Uzun zamandır aklımda olan bu projeyi sanatta yeterlik programında Grafik Tasarım dersi kapsamında Yrd. Doç. Ülkü Gezer hocamın yönlendirmesi ile hayata geçireceğim için mutluyum. Türkiye'nin tanıtımını yapma fikri dersin kapsamında oluştu. Benim düşündüğüm daha çok gezip gördüğüm (Türkiye'de veya yurtdışında) yerleri arkadaşlarım dışında başkalarıyla da paylaşmaktı. Fakat dersin içeriği beni daha lokal düşünmeye zorladı.

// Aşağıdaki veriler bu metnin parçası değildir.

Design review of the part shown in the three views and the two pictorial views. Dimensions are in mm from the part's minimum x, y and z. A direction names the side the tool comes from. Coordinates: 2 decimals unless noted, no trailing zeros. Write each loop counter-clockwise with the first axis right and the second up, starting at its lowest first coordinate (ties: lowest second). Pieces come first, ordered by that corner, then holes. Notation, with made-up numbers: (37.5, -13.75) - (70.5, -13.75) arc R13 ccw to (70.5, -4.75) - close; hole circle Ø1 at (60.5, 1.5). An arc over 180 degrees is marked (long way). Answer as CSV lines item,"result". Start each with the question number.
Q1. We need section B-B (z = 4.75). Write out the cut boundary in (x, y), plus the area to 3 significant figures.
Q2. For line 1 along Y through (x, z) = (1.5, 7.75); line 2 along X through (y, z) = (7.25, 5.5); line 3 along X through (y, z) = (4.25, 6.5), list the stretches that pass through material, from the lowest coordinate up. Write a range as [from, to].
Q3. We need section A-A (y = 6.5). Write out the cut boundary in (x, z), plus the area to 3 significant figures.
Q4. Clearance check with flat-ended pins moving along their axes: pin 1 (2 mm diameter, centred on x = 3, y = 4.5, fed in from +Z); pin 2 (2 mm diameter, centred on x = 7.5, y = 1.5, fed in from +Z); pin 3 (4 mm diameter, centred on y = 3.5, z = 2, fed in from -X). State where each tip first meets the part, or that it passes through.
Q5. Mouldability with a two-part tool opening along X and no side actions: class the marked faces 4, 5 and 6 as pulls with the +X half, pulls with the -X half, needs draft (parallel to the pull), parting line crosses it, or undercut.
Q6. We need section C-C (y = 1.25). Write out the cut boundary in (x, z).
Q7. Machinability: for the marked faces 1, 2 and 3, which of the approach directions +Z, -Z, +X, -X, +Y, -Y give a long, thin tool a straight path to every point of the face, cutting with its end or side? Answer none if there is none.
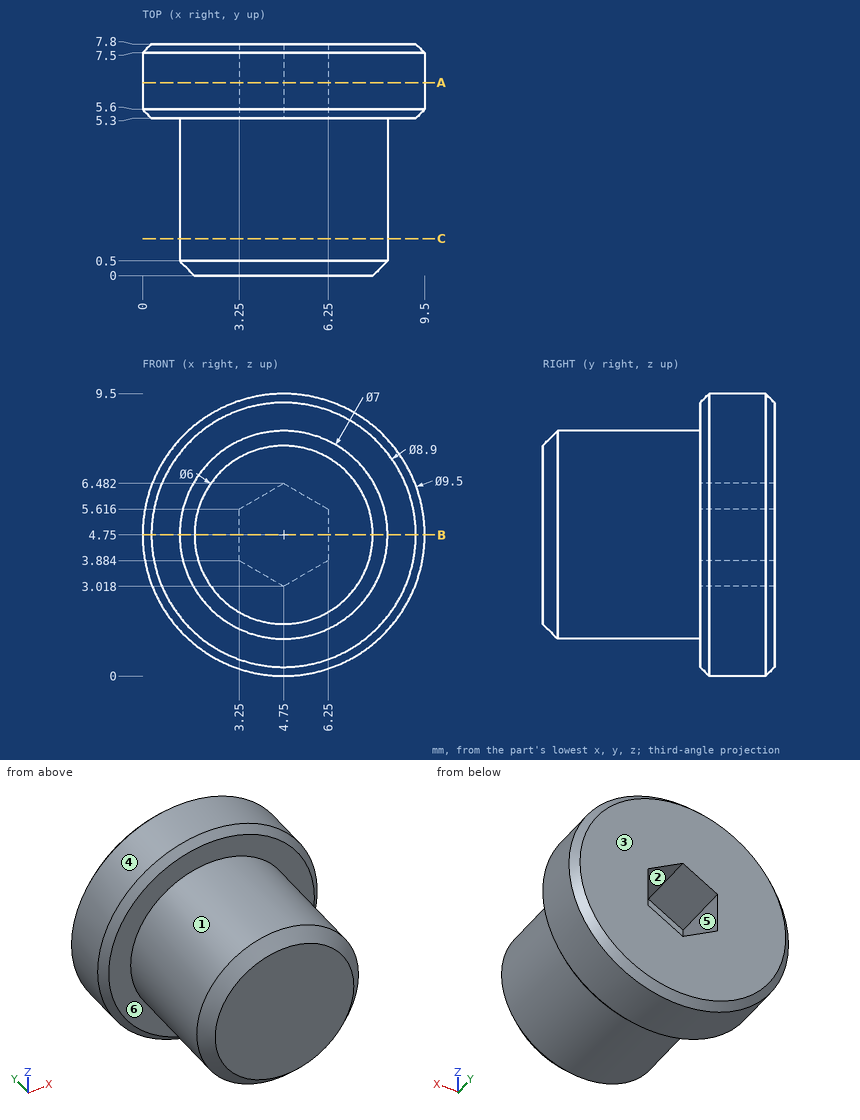
Results list:
1,outline,"(0, 5.6) - (0.3, 5.3) - (1.25, 5.3) - (1.25, 0.5) - (1.75, 0) - (7.75, 0) - (8.25, 0.5) - (8.25, 5.3) - (9.2, 5.3) - (9.5, 5.6) - (9.5, 7.5) - (9.2, 7.8) - (6.25, 7.8) - (6.25, 5.3) - (3.25, 5.3) - (3.25, 7.8) - (0.3, 7.8) - (0, 7.5) - close"
1,area,"52.9 mm2"
2,line 1,"y = [5.3, 7.8]"
2,line 2,"x = [0.06, 3.25], [6.25, 9.44]"
2,line 3,"x = [1.72, 7.78]"
3,outline,"circle Ø9.5 at (4.75, 4.75); hole (3.25, 3.88) - (4.75, 3.02) - (6.25, 3.88) - (6.25, 5.62) - (4.75, 6.48) - (3.25, 5.62) - close"
3,area,"63.1 mm2"
4,pin 1,"stops at z = 9.12"
4,pin 2,"stops at z = 7.78"
4,pin 3,"stops at x = 0.71"
5,face 4,"parting line crosses it"
5,face 5,"undercut"
5,face 6,"needs draft"
6,outline,"circle Ø7 at (4.75, 4.75)"
7,face 1,"-Y"
7,face 2,"+Y"
7,face 3,"+Z, -Z, +X, -X, +Y"

 Elbette Türkiye’nin tam ve donanımlı bir tanıtımı yapmak tek başına bir blogla imkansızdır. Ben sizinle neleri paylaşacağım konusu ise şöyledir. Gezip gördüğüm yerleri her şeyiyle paylaşmak blog ruhunu aykırı dolayısıyla ben daha çok tarihi yerler ve gezintilerim esnasında hoşlandığım mekanlar ve lezzetler üzerine yazıp çektiğim fotoğrafları sizinle paylaşacağım.

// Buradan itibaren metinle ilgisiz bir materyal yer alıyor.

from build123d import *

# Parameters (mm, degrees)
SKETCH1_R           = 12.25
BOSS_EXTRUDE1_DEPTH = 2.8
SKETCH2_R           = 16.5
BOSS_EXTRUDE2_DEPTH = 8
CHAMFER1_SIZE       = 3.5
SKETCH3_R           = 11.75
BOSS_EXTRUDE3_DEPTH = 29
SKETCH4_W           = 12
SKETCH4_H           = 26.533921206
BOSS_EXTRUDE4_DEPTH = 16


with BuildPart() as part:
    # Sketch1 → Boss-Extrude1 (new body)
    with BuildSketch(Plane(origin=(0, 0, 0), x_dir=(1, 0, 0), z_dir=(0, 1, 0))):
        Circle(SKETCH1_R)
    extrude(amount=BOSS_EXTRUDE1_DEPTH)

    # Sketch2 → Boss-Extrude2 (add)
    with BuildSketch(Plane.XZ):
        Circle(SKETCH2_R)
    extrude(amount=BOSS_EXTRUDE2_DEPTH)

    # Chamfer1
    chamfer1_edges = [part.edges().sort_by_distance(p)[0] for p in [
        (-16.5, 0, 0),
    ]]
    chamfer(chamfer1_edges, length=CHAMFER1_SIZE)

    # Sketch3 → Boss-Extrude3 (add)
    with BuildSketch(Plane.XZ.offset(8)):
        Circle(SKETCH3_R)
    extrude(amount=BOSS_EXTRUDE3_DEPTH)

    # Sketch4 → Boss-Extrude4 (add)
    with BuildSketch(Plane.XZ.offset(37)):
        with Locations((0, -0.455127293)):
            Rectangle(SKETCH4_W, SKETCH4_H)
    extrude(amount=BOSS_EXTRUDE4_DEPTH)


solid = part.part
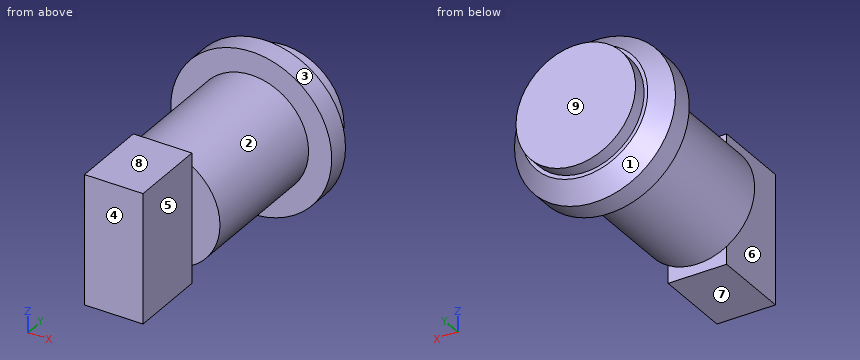
The model under review builds one solid part; all positions refer to its coordinate system, in mm. Face numbers are marked on the shaded views. A direction names the side the tool comes from. Give positions to 0.01 mm unless a question says otherwise; leave off trailing zeros. Write each loop counter-clockwise with the first axis right and the second up, starting at its lowest first coordinate (ties: lowest second). Pieces come first, ordered by that corner, then holes.
1. Add section C-C, the plane y = -31.5. Write out the cut boundary in (x, z).
2. For P1, Ø17.5, axis at y = -48, z = -5.5, coming from the +X side; P2, Ø10, axis at x = 3, y = -35.5, coming from the +Z side; P3, Ø10, axis at x = 4, y = -47, coming from the -Z side, all flat-tipped, find the tip position at first contact; note any pin that passes through.
3. Add section A-A, the plane x = 0. Write out the cut boundary in (y, z).
4. Add section B-B, the plane z = 0. Write out the cut boundary in (x, y).
5. Tool access review of the marked faces 5, 6, 7, 8 and 9: name each direction out of +Z, -Z, +X, -X, +Y, -Y from which nothing blocks a thin tool from reaching the whole face with its end or side.
6. Add section D-D, the plane y = -46.5. Write out the cut boundary in (x, z), plus the area to 3 significant figures.
7. Draft analysis for pull direction Y (two halves, no side actions). For the marked faces 1, 2, 3 and 4, state which applies: +Y half, -Y half, draft (parallel to the pull), parting line (faces both ways), or undercut.
8. Wall thickness on L1, parallel to X at y = -44.5, z = 0; L2, parallel to Y at x = 0.5, z = 12.5; L3, parallel to Z at x = -4, y = -38.5: over which ranges is each line inside the solid? List them lowest first.
Worked answers:
1. outline: circle Ø23.5 at (0, 0)
2. P1: stops at x = 6
2. P2: stops at z = 12.81
2. P3: stops at z = -13.72
3. outline: (-53, -13.72) - (-37, -13.72) - (-37, -11.75) - (-8, -11.75) - (-8, -16.5) - (-3.5, -16.5) - (0, -13) - (0, -12.25) - (2.8, -12.25) - (2.8, 12.25) - (0, 12.25) - (0, 13) - (-3.5, 16.5) - (-8, 16.5) - (-8, 11.75) - (-37, 11.75) - (-37, 12.81) - (-53, 12.81) - close
4. outline: (-16.5, -8) - (-11.75, -8) - (-11.75, -37) - (-6, -37) - (-6, -53) - (6, -53) - (6, -37) - (11.75, -37) - (11.75, -8) - (16.5, -8) - (16.5, -3.5) - (13, 0) - (12.25, 0) - (12.25, 2.8) - (-12.25, 2.8) - (-12.25, 0) - (-13, 0) - (-16.5, -3.5) - close
5. face 5: +Z, -Z, +X, -Y
5. face 6: +Z, -Z, -X, -Y
5. face 7: -Z, +X, -X, -Y
5. face 8: +Z, +X, -X, -Y
5. face 9: +Z, -Z, +X, -X, +Y
6. outline: (-6, -13.72) - (6, -13.72) - (6, 12.81) - (-6, 12.81) - close
6. area: 318 mm2
7. face 1: +Y half
7. face 2: undercut
7. face 3: draft
7. face 4: -Y half
8. L1: x = -6 to 6
8. L2: y = -53 to -37, -8 to 0
8. L3: z = -13.72 to 12.81

Bu blogda gezdim, gördüm, çektim, yazdım adlı dört ayrı buton göreceksiniz. Gezdim butonuna bastığınızda Türkiye’nin büyük şehirlerinden küçük kasabalarına kadar gezdiğim, beğendiğim veya eleştirdiğim yerlere dair küçük notlar okuyup,  fotoğraflar göreceksiniz. Gördüm butonunda fikirlerine değer verdiğim insanların Türkiye ile ilgili yazdıkları yazılar veya görselleri sizinle paylaşacağım. Bu insanlar ilk örneğimde olduğu gibi bazen çok eskilere de dayanacak bazen de daha yakın zamanlardan olabilir. Çektim butonunda sadece fotoğraf göreceksiniz, Gezdim kısmında az sayıda fotoğraf olduğunu düşünürseniz Çektim kısmından konularla ilgili fotoğraflara bakabilirsiniz. Yazdım butonunda ise gezintiler esnasında başımdan geçen kendimce ilginç olayları ve tanıştığım insanları sizinle paylaşacağım.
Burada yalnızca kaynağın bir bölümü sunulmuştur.